RECORD EXTRACTS Block Start

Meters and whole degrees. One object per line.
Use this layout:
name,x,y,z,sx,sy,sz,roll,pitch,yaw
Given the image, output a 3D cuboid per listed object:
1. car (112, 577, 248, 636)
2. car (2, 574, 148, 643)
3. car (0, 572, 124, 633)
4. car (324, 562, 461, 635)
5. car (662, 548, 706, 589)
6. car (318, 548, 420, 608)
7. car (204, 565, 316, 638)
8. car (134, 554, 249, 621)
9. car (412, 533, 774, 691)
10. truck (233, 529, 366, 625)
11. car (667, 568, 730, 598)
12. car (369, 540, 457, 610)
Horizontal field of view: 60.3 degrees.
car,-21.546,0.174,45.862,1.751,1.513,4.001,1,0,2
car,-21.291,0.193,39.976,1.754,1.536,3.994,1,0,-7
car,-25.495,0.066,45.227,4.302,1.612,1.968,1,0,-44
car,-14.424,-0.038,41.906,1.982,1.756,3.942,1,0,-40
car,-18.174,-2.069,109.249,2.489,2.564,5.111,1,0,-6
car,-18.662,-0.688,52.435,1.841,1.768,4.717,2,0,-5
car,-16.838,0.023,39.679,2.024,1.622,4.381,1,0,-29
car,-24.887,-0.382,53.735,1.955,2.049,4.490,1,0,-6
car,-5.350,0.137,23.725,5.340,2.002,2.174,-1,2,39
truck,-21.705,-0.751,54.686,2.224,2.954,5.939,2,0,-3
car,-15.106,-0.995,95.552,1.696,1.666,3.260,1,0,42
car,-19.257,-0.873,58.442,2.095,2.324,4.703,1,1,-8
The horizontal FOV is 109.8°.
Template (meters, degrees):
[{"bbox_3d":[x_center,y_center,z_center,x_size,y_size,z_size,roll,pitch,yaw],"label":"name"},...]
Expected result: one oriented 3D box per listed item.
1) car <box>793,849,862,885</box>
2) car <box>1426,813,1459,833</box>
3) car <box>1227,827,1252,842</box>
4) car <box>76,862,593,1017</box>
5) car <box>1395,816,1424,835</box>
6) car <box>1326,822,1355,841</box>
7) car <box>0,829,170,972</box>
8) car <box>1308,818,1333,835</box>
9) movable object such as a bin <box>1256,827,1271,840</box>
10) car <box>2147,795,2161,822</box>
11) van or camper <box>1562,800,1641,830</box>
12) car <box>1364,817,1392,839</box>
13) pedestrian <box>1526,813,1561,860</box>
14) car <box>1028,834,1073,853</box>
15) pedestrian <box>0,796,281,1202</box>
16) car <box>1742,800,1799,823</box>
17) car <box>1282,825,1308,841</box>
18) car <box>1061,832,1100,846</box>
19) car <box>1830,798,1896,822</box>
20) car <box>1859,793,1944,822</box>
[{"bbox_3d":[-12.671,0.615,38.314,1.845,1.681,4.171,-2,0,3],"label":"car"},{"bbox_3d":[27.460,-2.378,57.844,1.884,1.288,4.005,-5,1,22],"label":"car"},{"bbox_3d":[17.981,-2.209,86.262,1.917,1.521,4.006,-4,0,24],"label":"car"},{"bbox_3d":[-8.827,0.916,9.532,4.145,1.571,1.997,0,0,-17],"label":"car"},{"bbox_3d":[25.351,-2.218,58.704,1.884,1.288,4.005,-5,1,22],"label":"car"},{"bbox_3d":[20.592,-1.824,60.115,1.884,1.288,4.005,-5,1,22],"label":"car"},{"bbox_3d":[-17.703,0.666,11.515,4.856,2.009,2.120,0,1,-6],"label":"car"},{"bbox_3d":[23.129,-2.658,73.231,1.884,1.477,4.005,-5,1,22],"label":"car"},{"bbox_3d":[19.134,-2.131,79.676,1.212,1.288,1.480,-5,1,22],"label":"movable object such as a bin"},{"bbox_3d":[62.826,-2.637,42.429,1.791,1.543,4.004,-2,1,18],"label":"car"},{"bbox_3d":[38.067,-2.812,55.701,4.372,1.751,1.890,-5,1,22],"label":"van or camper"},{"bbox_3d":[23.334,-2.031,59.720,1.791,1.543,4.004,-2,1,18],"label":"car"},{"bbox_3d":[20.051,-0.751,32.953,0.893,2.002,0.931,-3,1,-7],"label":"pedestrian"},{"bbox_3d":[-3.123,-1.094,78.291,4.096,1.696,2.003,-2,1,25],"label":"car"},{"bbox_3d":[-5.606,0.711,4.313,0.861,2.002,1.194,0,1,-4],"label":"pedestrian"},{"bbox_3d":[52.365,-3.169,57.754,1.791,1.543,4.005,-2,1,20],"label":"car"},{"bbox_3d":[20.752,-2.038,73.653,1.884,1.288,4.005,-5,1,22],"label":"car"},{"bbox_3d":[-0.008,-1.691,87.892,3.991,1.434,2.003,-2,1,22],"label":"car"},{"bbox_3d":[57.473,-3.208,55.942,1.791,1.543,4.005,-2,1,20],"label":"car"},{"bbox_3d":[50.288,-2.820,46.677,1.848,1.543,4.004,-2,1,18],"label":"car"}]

RECORD EXTRACTS Block End

EXERCISE AIM: The whole of the data must be given back word for word.

EXPECTED ANSWER:
Meters and whole degrees. One object per line.
Use this layout:
name,x,y,z,sx,sy,sz,roll,pitch,yaw
Given the image, output a 3D cuboid per listed object:
1. car (112, 577, 248, 636)
2. car (2, 574, 148, 643)
3. car (0, 572, 124, 633)
4. car (324, 562, 461, 635)
5. car (662, 548, 706, 589)
6. car (318, 548, 420, 608)
7. car (204, 565, 316, 638)
8. car (134, 554, 249, 621)
9. car (412, 533, 774, 691)
10. truck (233, 529, 366, 625)
11. car (667, 568, 730, 598)
12. car (369, 540, 457, 610)
Horizontal field of view: 60.3 degrees.
car,-21.546,0.174,45.862,1.751,1.513,4.001,1,0,2
car,-21.291,0.193,39.976,1.754,1.536,3.994,1,0,-7
car,-25.495,0.066,45.227,4.302,1.612,1.968,1,0,-44
car,-14.424,-0.038,41.906,1.982,1.756,3.942,1,0,-40
car,-18.174,-2.069,109.249,2.489,2.564,5.111,1,0,-6
car,-18.662,-0.688,52.435,1.841,1.768,4.717,2,0,-5
car,-16.838,0.023,39.679,2.024,1.622,4.381,1,0,-29
car,-24.887,-0.382,53.735,1.955,2.049,4.490,1,0,-6
car,-5.350,0.137,23.725,5.340,2.002,2.174,-1,2,39
truck,-21.705,-0.751,54.686,2.224,2.954,5.939,2,0,-3
car,-15.106,-0.995,95.552,1.696,1.666,3.260,1,0,42
car,-19.257,-0.873,58.442,2.095,2.324,4.703,1,1,-8
The horizontal FOV is 109.8°.
Template (meters, degrees):
[{"bbox_3d":[x_center,y_center,z_center,x_size,y_size,z_size,roll,pitch,yaw],"label":"name"},...]
Expected result: one oriented 3D box per listed item.
1) car <box>793,849,862,885</box>
2) car <box>1426,813,1459,833</box>
3) car <box>1227,827,1252,842</box>
4) car <box>76,862,593,1017</box>
5) car <box>1395,816,1424,835</box>
6) car <box>1326,822,1355,841</box>
7) car <box>0,829,170,972</box>
8) car <box>1308,818,1333,835</box>
9) movable object such as a bin <box>1256,827,1271,840</box>
10) car <box>2147,795,2161,822</box>
11) van or camper <box>1562,800,1641,830</box>
12) car <box>1364,817,1392,839</box>
13) pedestrian <box>1526,813,1561,860</box>
14) car <box>1028,834,1073,853</box>
15) pedestrian <box>0,796,281,1202</box>
16) car <box>1742,800,1799,823</box>
17) car <box>1282,825,1308,841</box>
18) car <box>1061,832,1100,846</box>
19) car <box>1830,798,1896,822</box>
20) car <box>1859,793,1944,822</box>
[{"bbox_3d":[-12.671,0.615,38.314,1.845,1.681,4.171,-2,0,3],"label":"car"},{"bbox_3d":[27.460,-2.378,57.844,1.884,1.288,4.005,-5,1,22],"label":"car"},{"bbox_3d":[17.981,-2.209,86.262,1.917,1.521,4.006,-4,0,24],"label":"car"},{"bbox_3d":[-8.827,0.916,9.532,4.145,1.571,1.997,0,0,-17],"label":"car"},{"bbox_3d":[25.351,-2.218,58.704,1.884,1.288,4.005,-5,1,22],"label":"car"},{"bbox_3d":[20.592,-1.824,60.115,1.884,1.288,4.005,-5,1,22],"label":"car"},{"bbox_3d":[-17.703,0.666,11.515,4.856,2.009,2.120,0,1,-6],"label":"car"},{"bbox_3d":[23.129,-2.658,73.231,1.884,1.477,4.005,-5,1,22],"label":"car"},{"bbox_3d":[19.134,-2.131,79.676,1.212,1.288,1.480,-5,1,22],"label":"movable object such as a bin"},{"bbox_3d":[62.826,-2.637,42.429,1.791,1.543,4.004,-2,1,18],"label":"car"},{"bbox_3d":[38.067,-2.812,55.701,4.372,1.751,1.890,-5,1,22],"label":"van or camper"},{"bbox_3d":[23.334,-2.031,59.720,1.791,1.543,4.004,-2,1,18],"label":"car"},{"bbox_3d":[20.051,-0.751,32.953,0.893,2.002,0.931,-3,1,-7],"label":"pedestrian"},{"bbox_3d":[-3.123,-1.094,78.291,4.096,1.696,2.003,-2,1,25],"label":"car"},{"bbox_3d":[-5.606,0.711,4.313,0.861,2.002,1.194,0,1,-4],"label":"pedestrian"},{"bbox_3d":[52.365,-3.169,57.754,1.791,1.543,4.005,-2,1,20],"label":"car"},{"bbox_3d":[20.752,-2.038,73.653,1.884,1.288,4.005,-5,1,22],"label":"car"},{"bbox_3d":[-0.008,-1.691,87.892,3.991,1.434,2.003,-2,1,22],"label":"car"},{"bbox_3d":[57.473,-3.208,55.942,1.791,1.543,4.005,-2,1,20],"label":"car"},{"bbox_3d":[50.288,-2.820,46.677,1.848,1.543,4.004,-2,1,18],"label":"car"}]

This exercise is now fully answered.